# Arc Flash Incident at Shopping Center in Australia



## 99cents (Aug 20, 2012)

That's horrible. I wonder if Australia has the equivalent of NFPA70E?


----------



## MTW (Aug 28, 2013)

If I had to guess, they were sampling/testing transformer oil, accidentally let air into the transformer and it flashed over and exploded.


----------



## chicken steve (Mar 22, 2011)

> "As I came driving into the Galleria I (have) seen one guy coming running out and he was on fire," he said.
> 
> "And I (have) seen two guys coming out from the same door and they were on fire.
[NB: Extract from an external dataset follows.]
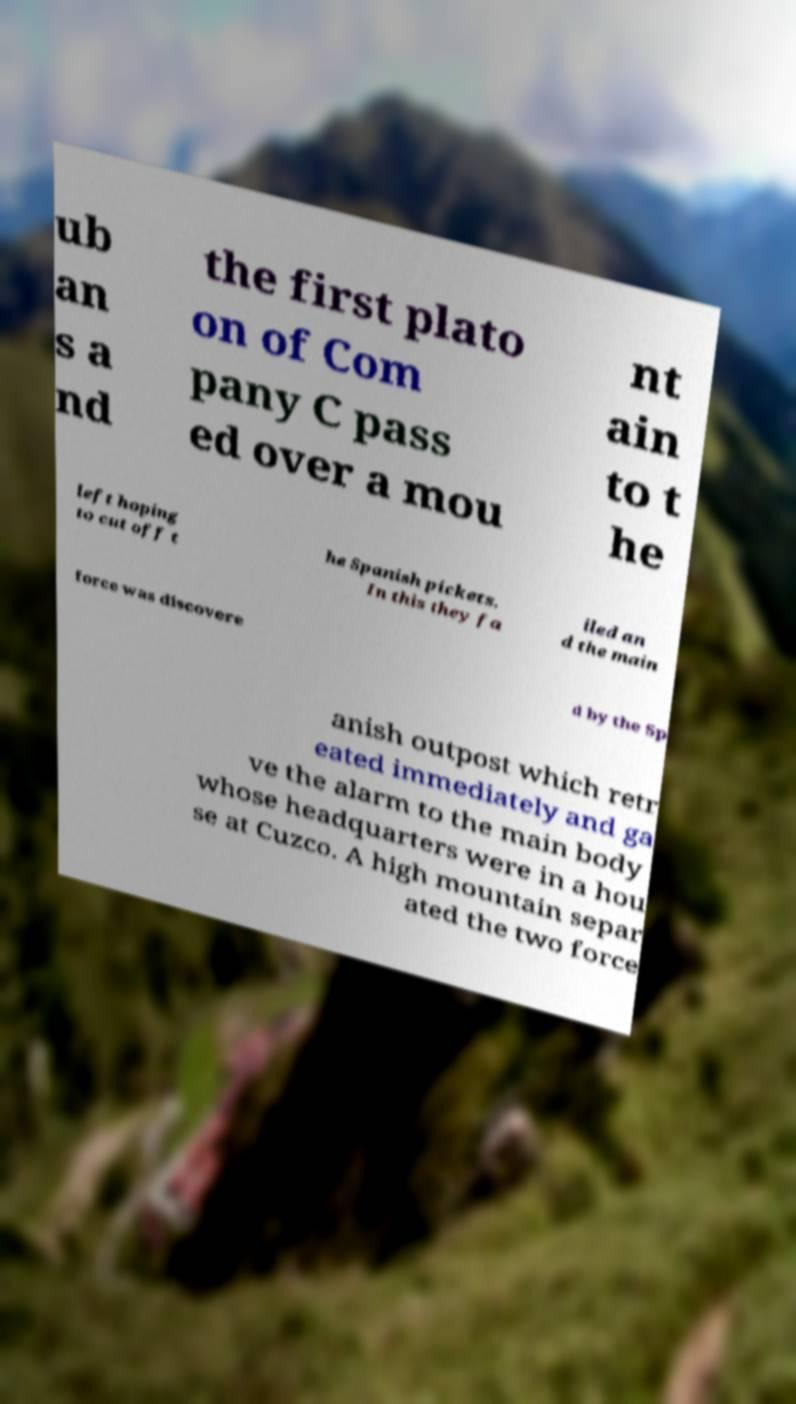Can you accurately transcribe the text from the provided image for me? ub an s a nd the first plato on of Com pany C pass ed over a mou nt ain to t he left hoping to cut off t he Spanish pickets. In this they fa iled an d the main force was discovere d by the Sp anish outpost which retr eated immediately and ga ve the alarm to the main body whose headquarters were in a hou se at Cuzco. A high mountain separ ated the two force 
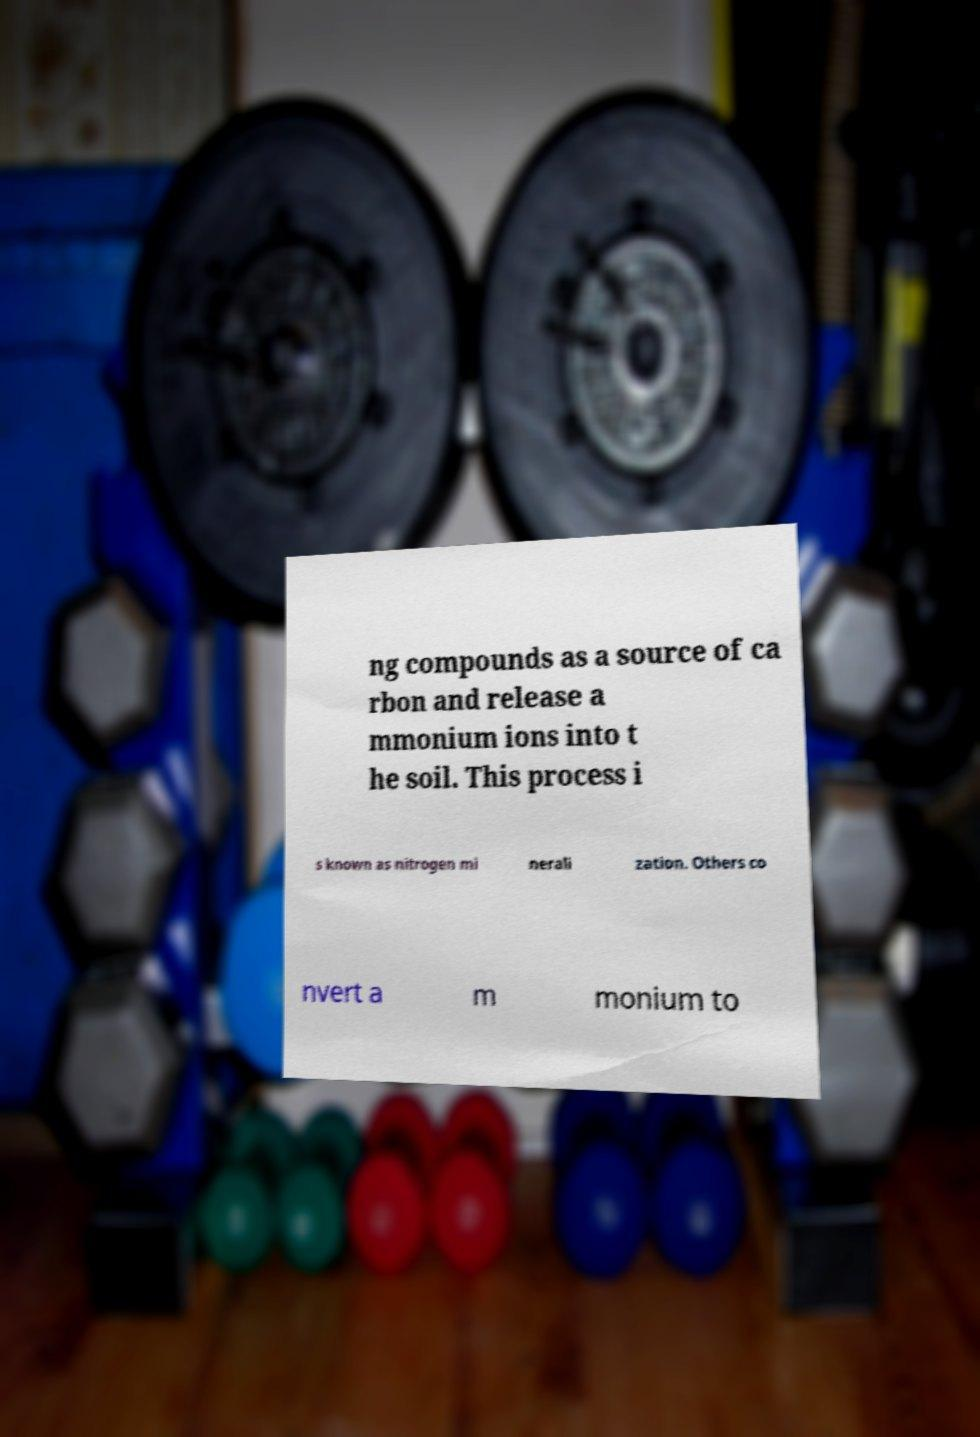For documentation purposes, I need the text within this image transcribed. Could you provide that? ng compounds as a source of ca rbon and release a mmonium ions into t he soil. This process i s known as nitrogen mi nerali zation. Others co nvert a m monium to

And I knew straight away what was happening.
> 
> ...


~CS~


----------



## Frank Mc (Nov 7, 2010)

Apparently a CFS unit exploded for some reason....

Frank


----------



## MTW (Aug 28, 2013)

Frank Mc said:


> Apparently a CFS unit exploded for some reason....
> 
> Frank


What's a CFS unit?


----------



## Meadow (Jan 14, 2011)

Frank Mc said:


> Apparently a CFS unit exploded for some reason....
> 
> Frank





MTW said:


> What's a CFS unit?


x2. CFS is??


----------



## KennyW (Aug 31, 2013)

Cant
F**in
Say?

:jester:


----------



## MTW (Aug 28, 2013)

So maybe we can figure this one out in American parlance?


----------



## Meadow (Jan 14, 2011)

In one of the vids through the door I saw giant cooling fins... I guess there was medium voltage equipment inside.


----------



## MTW (Aug 28, 2013)

MTW said:


> If I had to guess, they were sampling/testing transformer oil, accidentally let air into the transformer and it flashed over and exploded.


Bump. Many transformer disasters have occurred because of this.


----------



## Almost always lurkin (Jul 30, 2014)

Compact Fusible Switch? Or something else?


----------